YOUR INSTRUCTIONS: Your output should consist of the lines from the first line of the records below through the one with "Directive: surround the", exactly, minus the pictures.

-- Opening Marker --

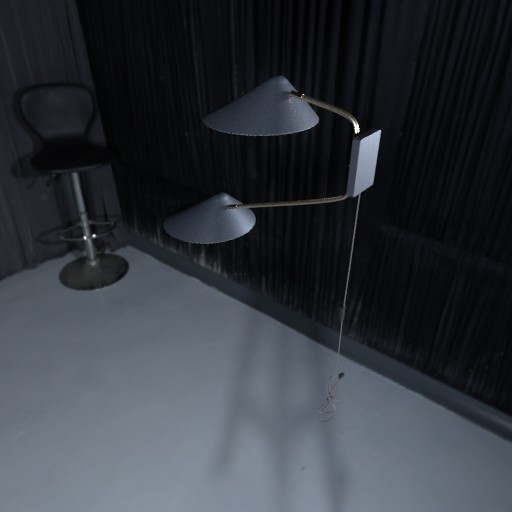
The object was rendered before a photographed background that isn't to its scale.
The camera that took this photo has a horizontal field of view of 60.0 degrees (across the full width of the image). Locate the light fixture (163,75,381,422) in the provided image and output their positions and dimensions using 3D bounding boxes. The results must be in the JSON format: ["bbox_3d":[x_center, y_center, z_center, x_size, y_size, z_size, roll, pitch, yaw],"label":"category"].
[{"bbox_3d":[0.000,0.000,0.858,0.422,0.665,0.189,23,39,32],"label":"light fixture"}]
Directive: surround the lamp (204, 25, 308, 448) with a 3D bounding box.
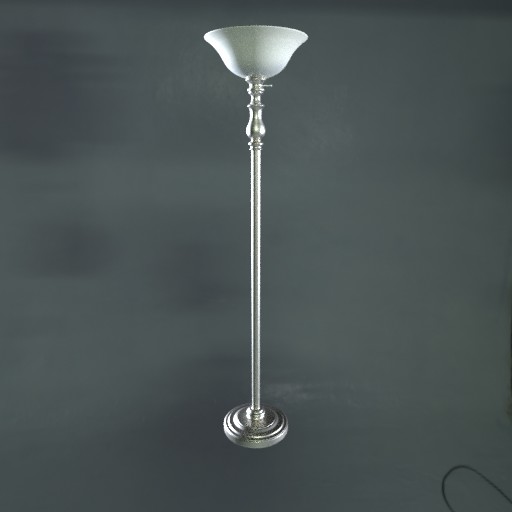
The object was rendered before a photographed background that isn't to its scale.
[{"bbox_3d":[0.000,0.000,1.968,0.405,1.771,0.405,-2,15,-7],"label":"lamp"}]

-- Closing Marker --

RESPONSE AREA:
The object was rendered before a photographed background that isn't to its scale.
The camera that took this photo has a horizontal field of view of 60.0 degrees (across the full width of the image). Locate the light fixture (163,75,381,422) in the provided image and output their positions and dimensions using 3D bounding boxes. The results must be in the JSON format: ["bbox_3d":[x_center, y_center, z_center, x_size, y_size, z_size, roll, pitch, yaw],"label":"category"].
[{"bbox_3d":[0.000,0.000,0.858,0.422,0.665,0.189,23,39,32],"label":"light fixture"}]
Directive: surround the lamp (204, 25, 308, 448) with a 3D bounding box.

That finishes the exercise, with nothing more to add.